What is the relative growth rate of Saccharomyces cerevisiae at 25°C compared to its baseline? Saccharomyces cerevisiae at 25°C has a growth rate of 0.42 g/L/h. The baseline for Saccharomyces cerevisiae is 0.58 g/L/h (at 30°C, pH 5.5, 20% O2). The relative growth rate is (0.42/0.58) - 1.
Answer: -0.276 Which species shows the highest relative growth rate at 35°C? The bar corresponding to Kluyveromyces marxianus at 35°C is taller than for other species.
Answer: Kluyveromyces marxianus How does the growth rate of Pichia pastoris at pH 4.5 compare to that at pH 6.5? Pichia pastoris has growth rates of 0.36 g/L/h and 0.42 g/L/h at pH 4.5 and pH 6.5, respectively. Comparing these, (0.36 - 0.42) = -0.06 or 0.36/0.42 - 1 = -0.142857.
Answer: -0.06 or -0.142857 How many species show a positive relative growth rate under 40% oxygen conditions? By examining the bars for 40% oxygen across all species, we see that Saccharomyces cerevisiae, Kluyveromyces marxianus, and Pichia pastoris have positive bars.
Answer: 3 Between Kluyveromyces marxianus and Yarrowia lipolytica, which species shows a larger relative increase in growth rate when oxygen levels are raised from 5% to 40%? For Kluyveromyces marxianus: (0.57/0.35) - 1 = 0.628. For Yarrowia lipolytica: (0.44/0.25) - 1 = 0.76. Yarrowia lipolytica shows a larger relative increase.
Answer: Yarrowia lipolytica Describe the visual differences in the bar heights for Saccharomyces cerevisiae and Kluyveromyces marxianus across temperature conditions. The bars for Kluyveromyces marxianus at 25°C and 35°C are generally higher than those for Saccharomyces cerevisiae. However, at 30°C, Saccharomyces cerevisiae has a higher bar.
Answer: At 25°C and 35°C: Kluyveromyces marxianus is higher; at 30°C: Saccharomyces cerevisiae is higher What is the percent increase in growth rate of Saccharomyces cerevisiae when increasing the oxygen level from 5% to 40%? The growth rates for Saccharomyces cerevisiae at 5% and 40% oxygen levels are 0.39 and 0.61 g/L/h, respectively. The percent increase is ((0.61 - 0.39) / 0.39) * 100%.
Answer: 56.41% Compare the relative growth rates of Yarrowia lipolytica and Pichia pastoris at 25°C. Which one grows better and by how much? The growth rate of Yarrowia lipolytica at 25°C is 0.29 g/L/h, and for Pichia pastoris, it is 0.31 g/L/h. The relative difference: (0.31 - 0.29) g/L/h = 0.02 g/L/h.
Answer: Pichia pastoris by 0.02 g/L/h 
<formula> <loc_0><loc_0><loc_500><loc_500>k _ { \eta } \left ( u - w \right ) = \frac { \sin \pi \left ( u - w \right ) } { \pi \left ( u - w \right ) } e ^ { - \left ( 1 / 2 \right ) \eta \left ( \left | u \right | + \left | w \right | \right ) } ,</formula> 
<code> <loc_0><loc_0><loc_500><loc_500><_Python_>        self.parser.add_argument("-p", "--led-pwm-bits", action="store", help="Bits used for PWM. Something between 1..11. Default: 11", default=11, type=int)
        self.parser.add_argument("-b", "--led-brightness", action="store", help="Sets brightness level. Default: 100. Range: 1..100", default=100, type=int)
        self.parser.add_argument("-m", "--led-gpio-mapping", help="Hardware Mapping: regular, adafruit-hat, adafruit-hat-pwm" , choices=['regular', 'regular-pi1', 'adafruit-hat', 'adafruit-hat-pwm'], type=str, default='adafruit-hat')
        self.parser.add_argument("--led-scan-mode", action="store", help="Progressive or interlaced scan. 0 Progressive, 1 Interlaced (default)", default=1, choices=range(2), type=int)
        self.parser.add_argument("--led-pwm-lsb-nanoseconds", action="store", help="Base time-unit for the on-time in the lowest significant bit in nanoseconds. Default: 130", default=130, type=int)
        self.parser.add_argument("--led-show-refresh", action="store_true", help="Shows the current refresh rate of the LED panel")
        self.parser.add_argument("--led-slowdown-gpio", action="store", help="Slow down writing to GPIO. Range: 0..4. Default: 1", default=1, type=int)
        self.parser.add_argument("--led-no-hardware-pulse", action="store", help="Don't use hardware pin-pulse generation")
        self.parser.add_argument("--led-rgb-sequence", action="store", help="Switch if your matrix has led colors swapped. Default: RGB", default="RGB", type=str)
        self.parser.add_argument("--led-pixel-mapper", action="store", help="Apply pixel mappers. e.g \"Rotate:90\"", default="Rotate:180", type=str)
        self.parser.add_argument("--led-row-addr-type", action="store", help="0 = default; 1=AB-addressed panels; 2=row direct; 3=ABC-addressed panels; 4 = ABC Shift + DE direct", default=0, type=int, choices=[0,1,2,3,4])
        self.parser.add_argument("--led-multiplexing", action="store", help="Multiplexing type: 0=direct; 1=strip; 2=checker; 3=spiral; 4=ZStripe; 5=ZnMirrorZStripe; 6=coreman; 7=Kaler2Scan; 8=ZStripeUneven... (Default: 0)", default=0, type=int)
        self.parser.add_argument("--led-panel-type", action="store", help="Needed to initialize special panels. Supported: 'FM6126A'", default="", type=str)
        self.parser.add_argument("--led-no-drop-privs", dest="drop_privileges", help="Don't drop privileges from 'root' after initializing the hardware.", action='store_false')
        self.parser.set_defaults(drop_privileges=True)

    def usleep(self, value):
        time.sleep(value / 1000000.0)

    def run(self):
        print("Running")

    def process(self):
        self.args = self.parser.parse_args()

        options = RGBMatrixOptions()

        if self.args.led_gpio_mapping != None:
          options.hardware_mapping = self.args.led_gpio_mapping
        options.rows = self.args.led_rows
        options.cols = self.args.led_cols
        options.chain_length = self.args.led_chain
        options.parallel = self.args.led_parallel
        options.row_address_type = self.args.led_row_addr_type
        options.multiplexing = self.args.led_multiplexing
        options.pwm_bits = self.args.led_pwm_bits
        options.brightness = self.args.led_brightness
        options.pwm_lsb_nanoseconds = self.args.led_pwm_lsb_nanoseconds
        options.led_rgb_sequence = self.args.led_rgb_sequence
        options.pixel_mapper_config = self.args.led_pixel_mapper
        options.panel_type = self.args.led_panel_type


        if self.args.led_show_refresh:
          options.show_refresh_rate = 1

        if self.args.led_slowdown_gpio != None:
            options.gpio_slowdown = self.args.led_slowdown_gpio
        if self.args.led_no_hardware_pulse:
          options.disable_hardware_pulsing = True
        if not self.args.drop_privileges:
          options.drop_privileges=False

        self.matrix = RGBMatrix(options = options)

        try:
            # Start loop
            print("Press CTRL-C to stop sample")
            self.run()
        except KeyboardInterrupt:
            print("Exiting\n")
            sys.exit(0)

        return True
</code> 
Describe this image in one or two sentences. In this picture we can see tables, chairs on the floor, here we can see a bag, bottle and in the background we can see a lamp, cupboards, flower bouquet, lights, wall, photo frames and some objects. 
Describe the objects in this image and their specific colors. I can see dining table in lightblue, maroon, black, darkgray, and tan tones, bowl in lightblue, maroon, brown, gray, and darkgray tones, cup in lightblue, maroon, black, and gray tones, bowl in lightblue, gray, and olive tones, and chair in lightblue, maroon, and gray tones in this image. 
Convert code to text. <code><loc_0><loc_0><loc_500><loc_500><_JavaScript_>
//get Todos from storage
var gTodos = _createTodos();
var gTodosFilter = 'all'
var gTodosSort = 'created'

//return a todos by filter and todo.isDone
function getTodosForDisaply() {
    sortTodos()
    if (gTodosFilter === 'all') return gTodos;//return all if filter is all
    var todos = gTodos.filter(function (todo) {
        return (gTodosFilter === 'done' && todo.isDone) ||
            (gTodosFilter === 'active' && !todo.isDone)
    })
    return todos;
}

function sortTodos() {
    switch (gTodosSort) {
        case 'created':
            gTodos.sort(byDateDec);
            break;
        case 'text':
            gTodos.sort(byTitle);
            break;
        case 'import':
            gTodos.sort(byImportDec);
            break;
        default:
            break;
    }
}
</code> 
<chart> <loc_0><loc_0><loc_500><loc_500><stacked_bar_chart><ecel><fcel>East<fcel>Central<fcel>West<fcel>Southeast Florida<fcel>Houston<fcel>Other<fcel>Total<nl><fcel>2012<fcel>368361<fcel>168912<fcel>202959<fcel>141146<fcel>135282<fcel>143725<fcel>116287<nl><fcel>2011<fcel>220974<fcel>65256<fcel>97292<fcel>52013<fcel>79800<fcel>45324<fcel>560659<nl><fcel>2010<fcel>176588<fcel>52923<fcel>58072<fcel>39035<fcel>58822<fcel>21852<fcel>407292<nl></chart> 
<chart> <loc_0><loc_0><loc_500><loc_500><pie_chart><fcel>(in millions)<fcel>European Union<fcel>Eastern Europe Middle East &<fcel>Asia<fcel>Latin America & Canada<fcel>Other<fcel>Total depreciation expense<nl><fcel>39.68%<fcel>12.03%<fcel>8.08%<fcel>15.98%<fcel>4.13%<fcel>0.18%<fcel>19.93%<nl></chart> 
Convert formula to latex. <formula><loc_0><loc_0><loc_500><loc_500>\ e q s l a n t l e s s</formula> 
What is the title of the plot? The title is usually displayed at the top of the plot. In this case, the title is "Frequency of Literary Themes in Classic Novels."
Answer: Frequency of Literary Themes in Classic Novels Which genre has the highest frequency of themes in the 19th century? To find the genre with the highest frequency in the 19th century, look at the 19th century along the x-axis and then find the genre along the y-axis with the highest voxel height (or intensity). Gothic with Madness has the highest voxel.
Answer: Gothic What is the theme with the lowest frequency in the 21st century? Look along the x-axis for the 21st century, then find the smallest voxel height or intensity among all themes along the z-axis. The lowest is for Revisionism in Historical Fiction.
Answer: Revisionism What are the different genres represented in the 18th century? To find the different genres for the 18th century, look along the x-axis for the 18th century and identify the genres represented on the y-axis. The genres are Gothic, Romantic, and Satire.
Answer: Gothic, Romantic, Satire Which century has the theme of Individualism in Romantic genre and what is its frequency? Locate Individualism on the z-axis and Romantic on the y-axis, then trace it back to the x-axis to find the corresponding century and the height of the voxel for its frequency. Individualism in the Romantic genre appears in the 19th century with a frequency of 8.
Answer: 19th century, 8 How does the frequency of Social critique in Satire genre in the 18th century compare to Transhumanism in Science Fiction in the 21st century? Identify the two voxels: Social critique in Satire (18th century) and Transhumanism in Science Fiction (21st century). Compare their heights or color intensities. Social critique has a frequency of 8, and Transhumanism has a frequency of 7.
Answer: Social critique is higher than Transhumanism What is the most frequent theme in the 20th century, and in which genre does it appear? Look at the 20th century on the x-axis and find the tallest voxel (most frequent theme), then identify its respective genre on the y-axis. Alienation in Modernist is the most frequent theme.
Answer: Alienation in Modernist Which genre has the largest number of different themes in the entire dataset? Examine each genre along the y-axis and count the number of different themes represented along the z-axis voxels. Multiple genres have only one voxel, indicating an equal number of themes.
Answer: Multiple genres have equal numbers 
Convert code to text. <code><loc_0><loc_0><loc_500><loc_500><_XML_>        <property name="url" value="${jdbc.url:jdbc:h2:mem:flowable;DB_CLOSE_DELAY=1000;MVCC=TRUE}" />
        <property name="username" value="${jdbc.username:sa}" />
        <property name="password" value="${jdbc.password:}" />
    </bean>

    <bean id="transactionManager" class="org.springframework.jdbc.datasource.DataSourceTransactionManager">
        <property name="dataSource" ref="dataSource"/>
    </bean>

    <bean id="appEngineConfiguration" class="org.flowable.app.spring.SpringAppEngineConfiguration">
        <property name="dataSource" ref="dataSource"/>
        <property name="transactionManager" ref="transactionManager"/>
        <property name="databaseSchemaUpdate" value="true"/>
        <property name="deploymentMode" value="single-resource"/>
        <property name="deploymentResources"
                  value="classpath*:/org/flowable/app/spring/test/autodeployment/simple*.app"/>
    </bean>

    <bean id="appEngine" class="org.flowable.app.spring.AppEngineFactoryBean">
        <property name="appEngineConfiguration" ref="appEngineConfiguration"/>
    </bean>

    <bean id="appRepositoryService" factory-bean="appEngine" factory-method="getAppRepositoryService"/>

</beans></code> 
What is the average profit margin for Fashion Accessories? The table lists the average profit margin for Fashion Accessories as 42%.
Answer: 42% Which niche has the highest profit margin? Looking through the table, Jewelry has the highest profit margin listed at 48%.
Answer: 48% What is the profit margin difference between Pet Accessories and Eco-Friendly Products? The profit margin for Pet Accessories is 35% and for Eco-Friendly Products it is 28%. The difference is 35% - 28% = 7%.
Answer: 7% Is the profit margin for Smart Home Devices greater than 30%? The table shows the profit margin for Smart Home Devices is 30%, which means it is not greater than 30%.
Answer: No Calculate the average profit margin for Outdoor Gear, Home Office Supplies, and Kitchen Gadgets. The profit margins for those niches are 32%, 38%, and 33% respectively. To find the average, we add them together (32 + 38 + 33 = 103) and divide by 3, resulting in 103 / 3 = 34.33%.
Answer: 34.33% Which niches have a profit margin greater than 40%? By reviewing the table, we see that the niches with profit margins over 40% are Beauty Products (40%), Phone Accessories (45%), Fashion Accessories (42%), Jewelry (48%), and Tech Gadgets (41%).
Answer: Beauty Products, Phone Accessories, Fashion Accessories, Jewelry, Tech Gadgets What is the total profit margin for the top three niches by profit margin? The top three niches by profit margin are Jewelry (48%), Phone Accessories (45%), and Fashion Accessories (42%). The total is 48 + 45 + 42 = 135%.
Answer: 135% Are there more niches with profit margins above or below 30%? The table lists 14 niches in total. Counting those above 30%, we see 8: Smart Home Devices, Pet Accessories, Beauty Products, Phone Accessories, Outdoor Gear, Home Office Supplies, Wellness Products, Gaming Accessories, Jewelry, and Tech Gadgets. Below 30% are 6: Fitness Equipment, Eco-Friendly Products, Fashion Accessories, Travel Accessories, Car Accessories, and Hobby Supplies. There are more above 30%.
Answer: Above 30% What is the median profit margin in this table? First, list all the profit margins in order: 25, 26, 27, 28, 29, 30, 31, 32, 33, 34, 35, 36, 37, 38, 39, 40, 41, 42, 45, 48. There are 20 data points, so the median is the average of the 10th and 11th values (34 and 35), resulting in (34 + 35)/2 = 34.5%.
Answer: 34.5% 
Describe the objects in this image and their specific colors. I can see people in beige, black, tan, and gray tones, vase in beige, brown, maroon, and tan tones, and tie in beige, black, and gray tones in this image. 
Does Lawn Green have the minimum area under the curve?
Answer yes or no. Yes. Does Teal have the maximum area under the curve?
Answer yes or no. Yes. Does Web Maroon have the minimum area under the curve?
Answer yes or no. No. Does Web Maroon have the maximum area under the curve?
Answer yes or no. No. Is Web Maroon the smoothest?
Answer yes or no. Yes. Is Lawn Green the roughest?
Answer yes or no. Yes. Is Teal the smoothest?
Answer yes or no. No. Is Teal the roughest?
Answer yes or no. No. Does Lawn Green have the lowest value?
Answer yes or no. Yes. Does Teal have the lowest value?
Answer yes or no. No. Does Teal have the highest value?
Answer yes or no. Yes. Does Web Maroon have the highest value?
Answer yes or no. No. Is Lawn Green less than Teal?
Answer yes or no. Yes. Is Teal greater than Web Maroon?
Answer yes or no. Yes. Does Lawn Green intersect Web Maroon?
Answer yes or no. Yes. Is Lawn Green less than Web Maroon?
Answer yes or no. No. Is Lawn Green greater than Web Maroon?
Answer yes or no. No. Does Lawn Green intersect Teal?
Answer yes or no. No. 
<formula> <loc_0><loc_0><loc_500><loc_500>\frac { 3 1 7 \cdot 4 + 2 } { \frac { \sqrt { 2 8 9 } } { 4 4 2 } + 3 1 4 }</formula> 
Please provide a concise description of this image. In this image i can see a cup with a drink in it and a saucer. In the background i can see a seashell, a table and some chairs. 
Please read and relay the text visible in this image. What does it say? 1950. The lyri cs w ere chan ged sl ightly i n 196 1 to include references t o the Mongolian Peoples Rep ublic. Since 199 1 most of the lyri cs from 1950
--- --- ---
Task directions: Using the listing above, pick out each line that contains the word "less", then copy it.

Solution below:
Answer yes or no. No. Is Lawn Green less than Teal?
Answer yes or no. Yes. Is Lawn Green less than Web Maroon?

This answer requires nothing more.